PROBLEM TO WORK ON: Retype only the lines below from the one with "</DialogActions>" to the one with "interest rate<fcel>Expected dividend", inclusive, skipping every image.

DATA FOR PROCESSING:
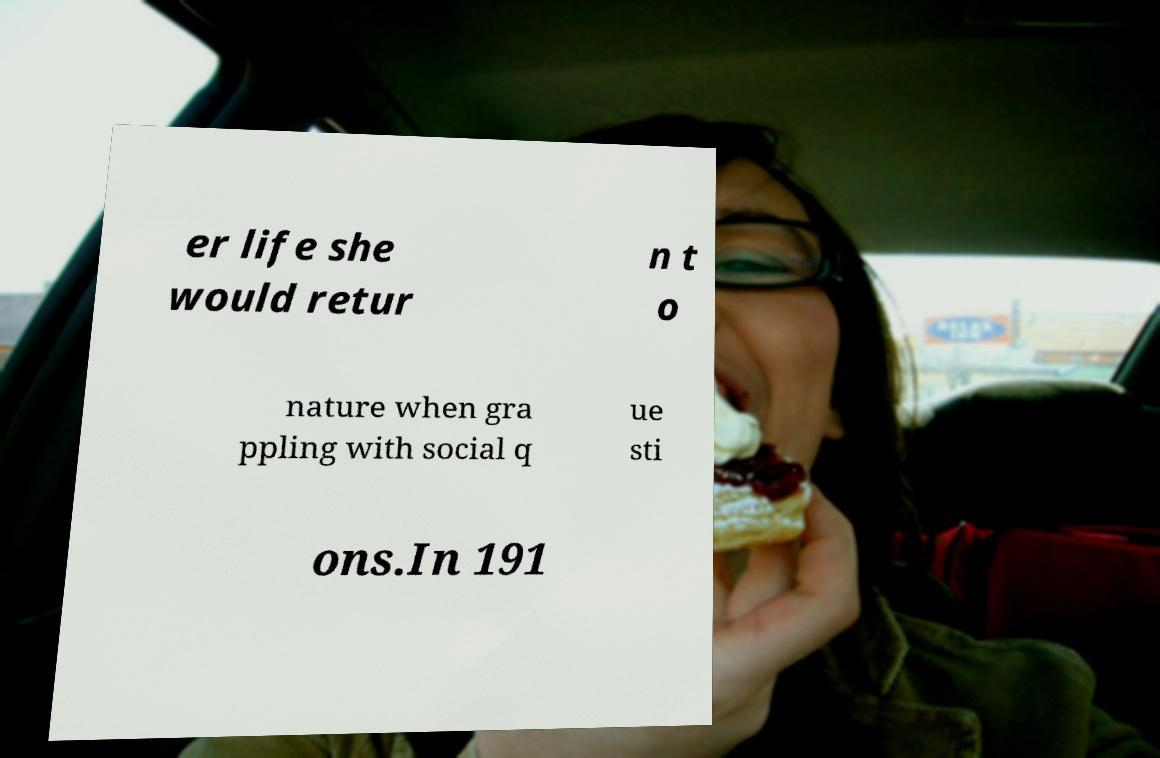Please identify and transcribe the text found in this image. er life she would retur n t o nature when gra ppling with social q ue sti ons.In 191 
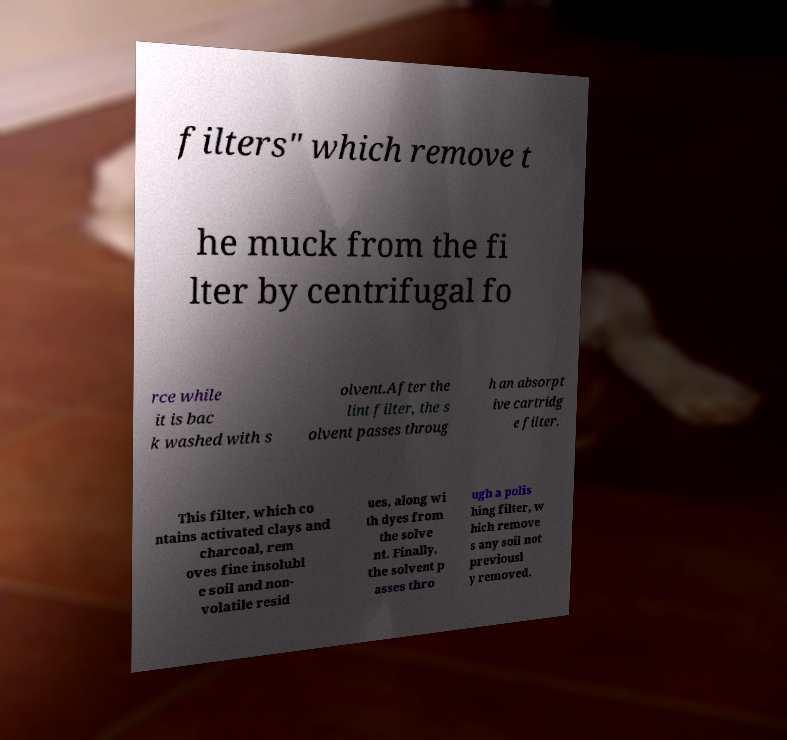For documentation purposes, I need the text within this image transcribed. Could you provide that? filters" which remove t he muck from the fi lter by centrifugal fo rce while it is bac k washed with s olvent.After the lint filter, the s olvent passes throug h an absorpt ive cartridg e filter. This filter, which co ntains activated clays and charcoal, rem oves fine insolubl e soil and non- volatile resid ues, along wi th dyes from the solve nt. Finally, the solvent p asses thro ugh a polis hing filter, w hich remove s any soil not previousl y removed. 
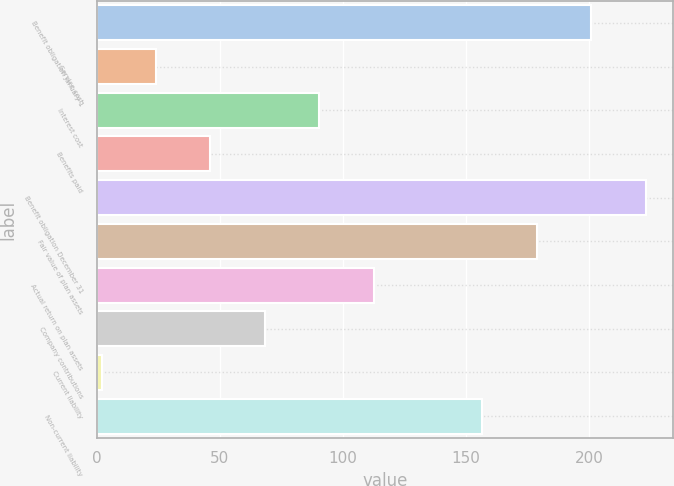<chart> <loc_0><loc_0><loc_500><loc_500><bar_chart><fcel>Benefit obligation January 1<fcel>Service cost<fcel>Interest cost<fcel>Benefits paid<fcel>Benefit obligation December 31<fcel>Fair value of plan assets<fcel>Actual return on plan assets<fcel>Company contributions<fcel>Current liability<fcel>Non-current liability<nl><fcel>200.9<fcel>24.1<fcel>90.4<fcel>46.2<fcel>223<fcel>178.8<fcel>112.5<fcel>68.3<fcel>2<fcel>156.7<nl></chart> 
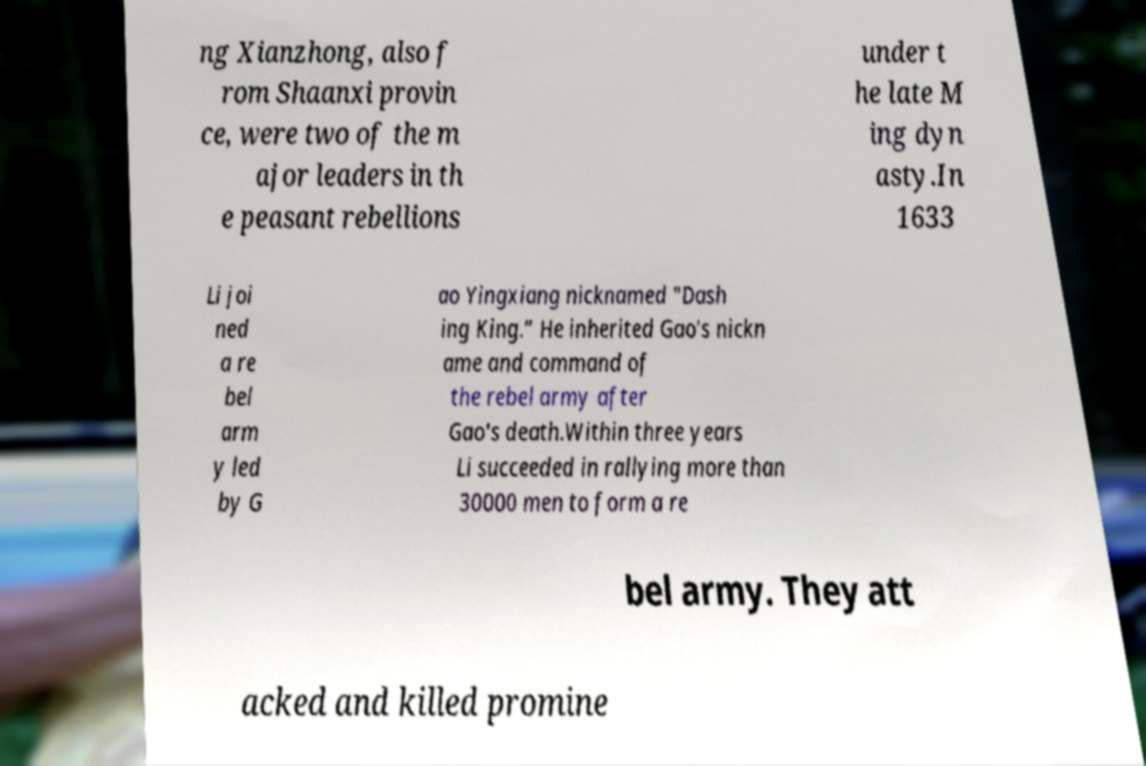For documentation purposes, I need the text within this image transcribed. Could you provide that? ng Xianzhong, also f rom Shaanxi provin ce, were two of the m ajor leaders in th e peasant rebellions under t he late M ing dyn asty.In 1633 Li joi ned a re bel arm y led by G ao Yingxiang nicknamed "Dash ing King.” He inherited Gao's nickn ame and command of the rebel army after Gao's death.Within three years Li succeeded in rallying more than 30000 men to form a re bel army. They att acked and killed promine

==

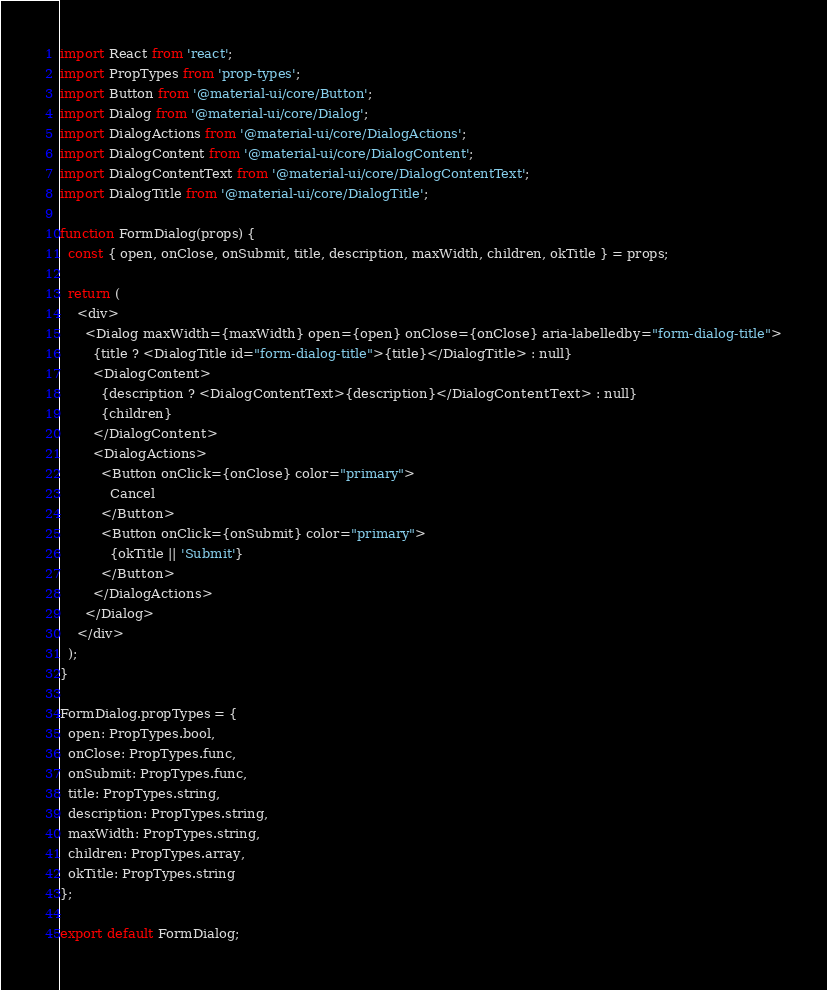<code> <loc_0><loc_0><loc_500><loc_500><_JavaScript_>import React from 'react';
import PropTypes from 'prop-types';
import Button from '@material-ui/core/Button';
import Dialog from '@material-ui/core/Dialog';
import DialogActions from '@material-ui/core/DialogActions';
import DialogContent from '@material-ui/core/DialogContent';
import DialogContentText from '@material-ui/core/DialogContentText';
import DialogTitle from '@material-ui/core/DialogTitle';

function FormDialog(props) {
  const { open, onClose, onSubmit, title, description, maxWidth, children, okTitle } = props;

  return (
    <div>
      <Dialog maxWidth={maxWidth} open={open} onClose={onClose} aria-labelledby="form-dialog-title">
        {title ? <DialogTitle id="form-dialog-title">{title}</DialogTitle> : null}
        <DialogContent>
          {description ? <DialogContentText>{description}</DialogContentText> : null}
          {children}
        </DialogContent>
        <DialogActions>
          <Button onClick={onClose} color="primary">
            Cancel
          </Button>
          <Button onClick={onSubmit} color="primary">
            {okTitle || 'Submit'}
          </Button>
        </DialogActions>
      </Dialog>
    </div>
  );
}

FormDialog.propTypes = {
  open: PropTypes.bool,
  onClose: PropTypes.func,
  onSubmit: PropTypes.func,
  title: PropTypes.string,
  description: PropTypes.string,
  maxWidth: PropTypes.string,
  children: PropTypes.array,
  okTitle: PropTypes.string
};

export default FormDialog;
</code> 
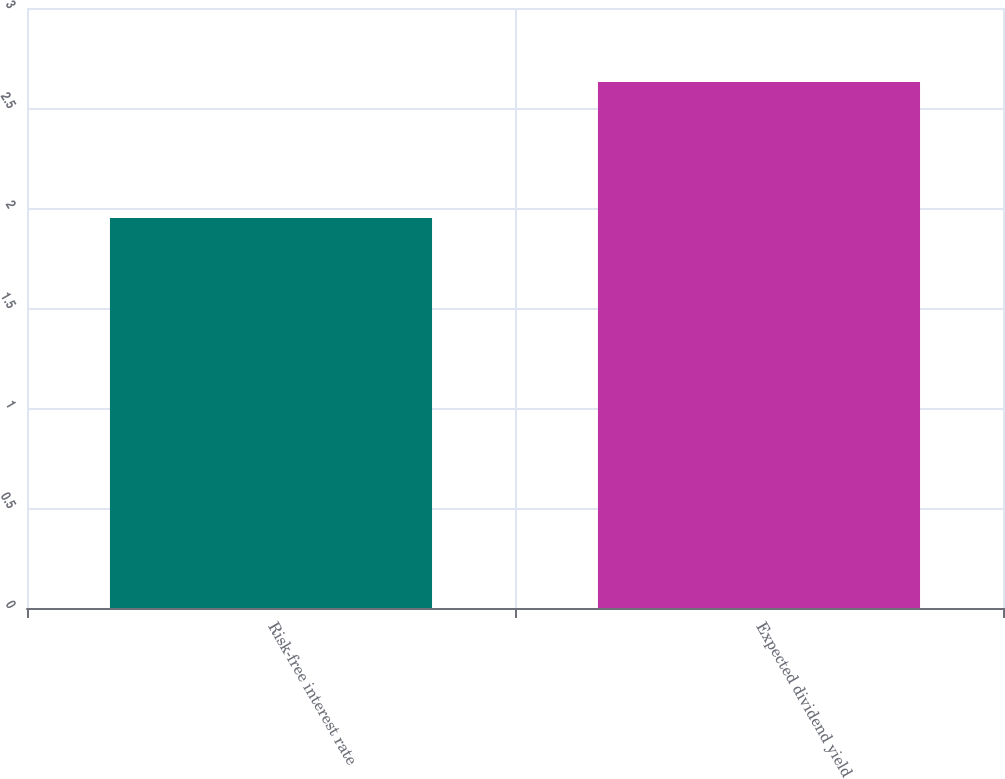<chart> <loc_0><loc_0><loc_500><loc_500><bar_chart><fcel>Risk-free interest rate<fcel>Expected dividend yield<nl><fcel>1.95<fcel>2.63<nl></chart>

WRITTEN RESPONSE:
        </DialogActions>
      </Dialog>
    </div>
  );
}

FormDialog.propTypes = {
  open: PropTypes.bool,
  onClose: PropTypes.func,
  onSubmit: PropTypes.func,
  title: PropTypes.string,
  description: PropTypes.string,
  maxWidth: PropTypes.string,
  children: PropTypes.array,
  okTitle: PropTypes.string
};

export default FormDialog;
</code> 
<chart> <loc_0><loc_0><loc_500><loc_500><bar_chart><fcel>Risk-free interest rate<fcel>Expected dividend yield<nl><fcel>1.95<fcel>2.63<nl></chart>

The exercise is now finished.